Does anyone know about literature or courses regarding building machine learning cluster infrastructure? I am mainly interested in building and scaling up the storage infrastructure, networking and scheduling approaches.
Nothing fancy. The core principles are the same, you'll need to adapt them depending upon the kind workload changes that ML introduces. For most ML systems
1. Storage infra: assuming storage for models or even data, use any blob storage like S3. Or a shared networked file system like EFS, Lustre etc.
2. Networking: if you're talking about networking using large GPUs, I am not aware of any definitive resource on this.
3. Scheduling: This is honestly a solved problem at this point, anything works - write your own coordinator that periodically runs docker image base jobs (you can hook one up quite quickly using some sort of system for metadata and triggers powered by message queuing), use Airflow, use AWS Batch for large scale jobs.

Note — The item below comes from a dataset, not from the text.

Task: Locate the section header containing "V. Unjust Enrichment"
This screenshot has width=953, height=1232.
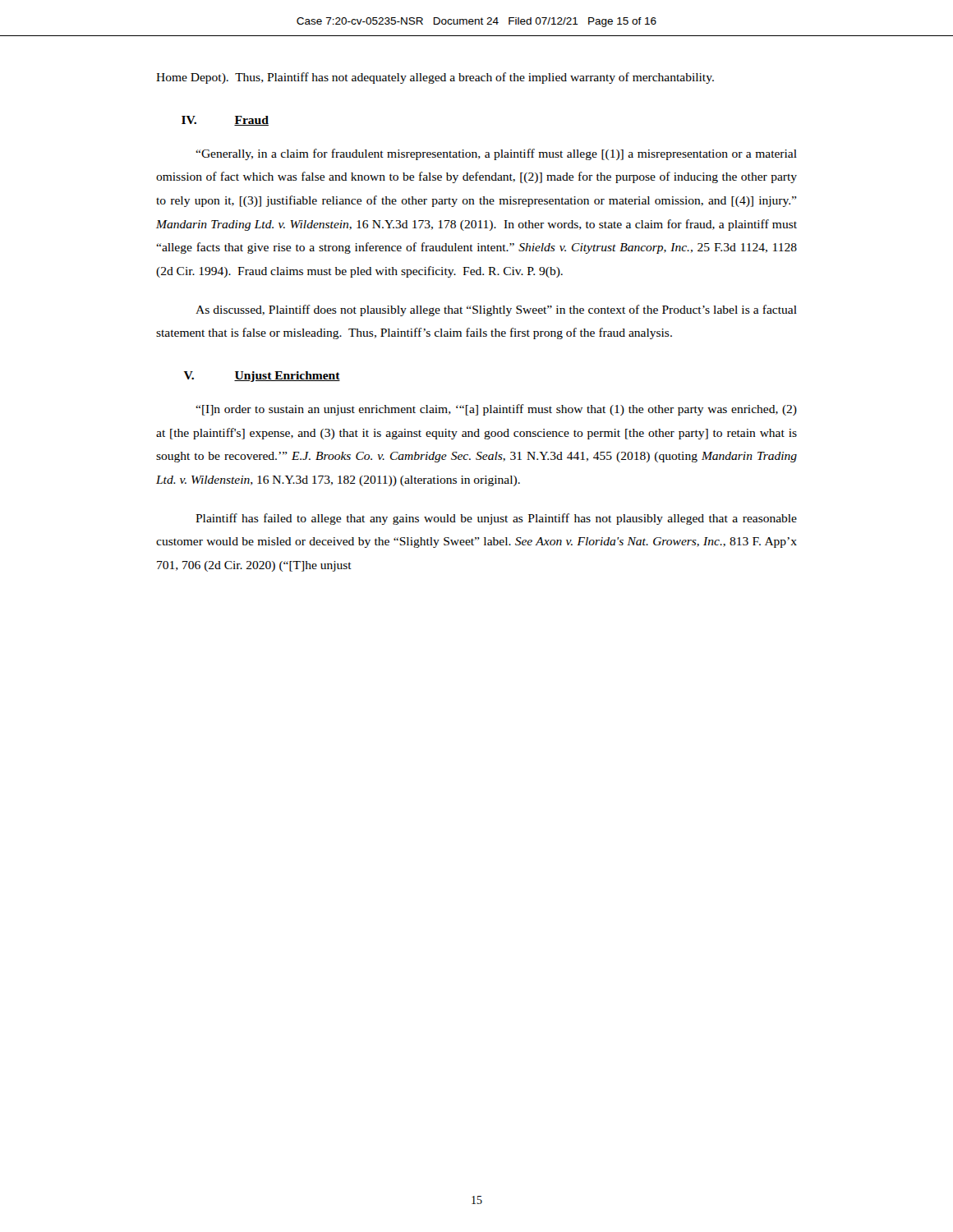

You missed model serving (I think ?). Tough and latency sensitive esp for recommender systems. Prone to latency spikes, traffic spikes. Even with a well-written Python code you can run into limitations quite quickly.
Well, right now I am seeing lots of low-level innovation for networking/storage along with RoCE, Infiniband, Tesla's ttpoe, the recent addition of devmem-tcp to the linux kernel (https://docs.kernel.org/networking/devmem.html) and wondered if there are approaches on how to plug something like that together on a higher level and what the considerations are. I surely assume EFS or S3 might be too expensive for a (large) training infrastructure, but I can be wrong?
> You missed model serving (I think ?).
I think I have a better grasp on the engineering challenges there and could imagine an architecture to scale that out (I believe!).